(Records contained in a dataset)
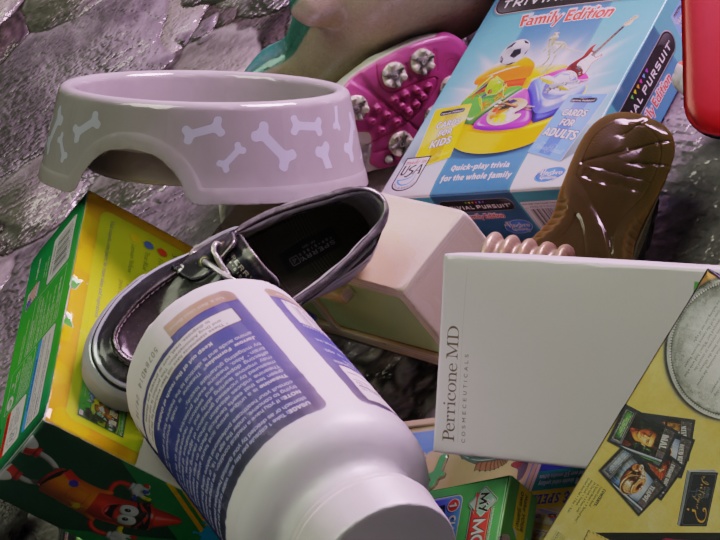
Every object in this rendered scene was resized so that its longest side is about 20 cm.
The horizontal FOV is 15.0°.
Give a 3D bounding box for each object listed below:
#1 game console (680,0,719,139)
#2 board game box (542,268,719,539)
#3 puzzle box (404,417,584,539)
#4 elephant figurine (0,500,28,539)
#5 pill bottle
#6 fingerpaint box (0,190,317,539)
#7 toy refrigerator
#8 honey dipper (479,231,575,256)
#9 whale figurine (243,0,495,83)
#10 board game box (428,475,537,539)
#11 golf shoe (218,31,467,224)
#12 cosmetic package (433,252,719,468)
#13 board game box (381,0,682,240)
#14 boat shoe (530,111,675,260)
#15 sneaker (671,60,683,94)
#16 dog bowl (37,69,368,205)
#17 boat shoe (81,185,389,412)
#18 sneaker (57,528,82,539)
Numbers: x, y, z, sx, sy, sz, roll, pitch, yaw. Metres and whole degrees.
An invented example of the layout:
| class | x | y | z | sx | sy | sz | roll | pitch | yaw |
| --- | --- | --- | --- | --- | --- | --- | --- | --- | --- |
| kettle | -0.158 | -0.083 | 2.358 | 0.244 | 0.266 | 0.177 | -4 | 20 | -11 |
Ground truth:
| class | x | y | z | sx | sy | sz | roll | pitch | yaw |
| --- | --- | --- | --- | --- | --- | --- | --- | --- | --- |
| game console | 0.259 | -0.127 | 1.476 | 0.172 | 0.199 | 0.119 | -136 | 53 | -81 |
| board game box | 0.164 | 0.120 | 1.251 | 0.135 | 0.035 | 0.200 | 35 | 97 | 30 |
| puzzle box | 0.052 | 0.134 | 1.468 | 0.199 | 0.025 | 0.133 | -11 | 43 | 38 |
| elephant figurine | -0.342 | 0.153 | 1.722 | 0.200 | 0.155 | 0.142 | -39 | 65 | 24 |
| pill bottle | -0.034 | 0.098 | 1.404 | 0.111 | 0.111 | 0.200 | -41 | 42 | -2 |
| fingerpaint box | -0.116 | 0.075 | 1.568 | 0.073 | 0.166 | 0.200 | -48 | 24 | 33 |
| toy refrigerator | 0.000 | 0.000 | 1.639 | 0.070 | 0.076 | 0.200 | -51 | 34 | -17 |
| honey dipper | 0.159 | 0.016 | 1.439 | 0.199 | 0.038 | 0.038 | 12 | 54 | 20 |
| whale figurine | 0.001 | -0.183 | 1.793 | 0.200 | 0.159 | 0.104 | -35 | 69 | 34 |
| board game box | 0.014 | 0.206 | 1.384 | 0.134 | 0.029 | 0.201 | -13 | 50 | 35 |
| golf shoe | -0.017 | -0.091 | 1.772 | 0.200 | 0.075 | 0.092 | -39 | 29 | -2 |
| cosmetic package | 0.142 | 0.048 | 1.360 | 0.199 | 0.085 | 0.108 | 2 | 90 | 33 |
| board game box | 0.118 | -0.107 | 1.675 | 0.151 | 0.047 | 0.200 | -2 | 48 | 44 |
| boat shoe | 0.123 | 0.004 | 1.520 | 0.073 | 0.065 | 0.200 | 22 | 62 | 22 |
| sneaker | 0.239 | -0.103 | 1.501 | 0.082 | 0.077 | 0.200 | -57 | 31 | 9 |
| dog bowl | -0.094 | -0.083 | 1.640 | 0.199 | 0.059 | 0.200 | 2 | 10 | 0 |
| boat shoe | -0.069 | 0.004 | 1.505 | 0.200 | 0.072 | 0.071 | -34 | -12 | -28 |
| sneaker | -0.144 | 0.128 | 1.624 | 0.084 | 0.077 | 0.200 | -46 | 12 | 32 |
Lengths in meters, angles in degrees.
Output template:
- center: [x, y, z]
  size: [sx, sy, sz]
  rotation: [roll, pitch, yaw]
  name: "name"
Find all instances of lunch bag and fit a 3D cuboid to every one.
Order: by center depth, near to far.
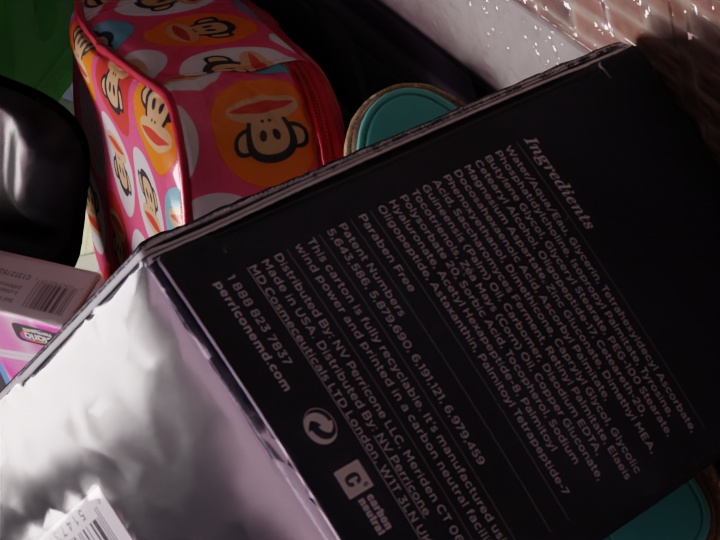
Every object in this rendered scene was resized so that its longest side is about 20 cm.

Aim of the task:
Print exactly the lines above, between the one holding "#15 sneaker (671,60,683,94)" and the one holding "-4 | 20 | -11 |", inclusive, and nothing besides.

Exercise answer:
#15 sneaker (671,60,683,94)
#16 dog bowl (37,69,368,205)
#17 boat shoe (81,185,389,412)
#18 sneaker (57,528,82,539)
Numbers: x, y, z, sx, sy, sz, roll, pitch, yaw. Metres and whole degrees.
An invented example of the layout:
| class | x | y | z | sx | sy | sz | roll | pitch | yaw |
| --- | --- | --- | --- | --- | --- | --- | --- | --- | --- |
| kettle | -0.158 | -0.083 | 2.358 | 0.244 | 0.266 | 0.177 | -4 | 20 | -11 |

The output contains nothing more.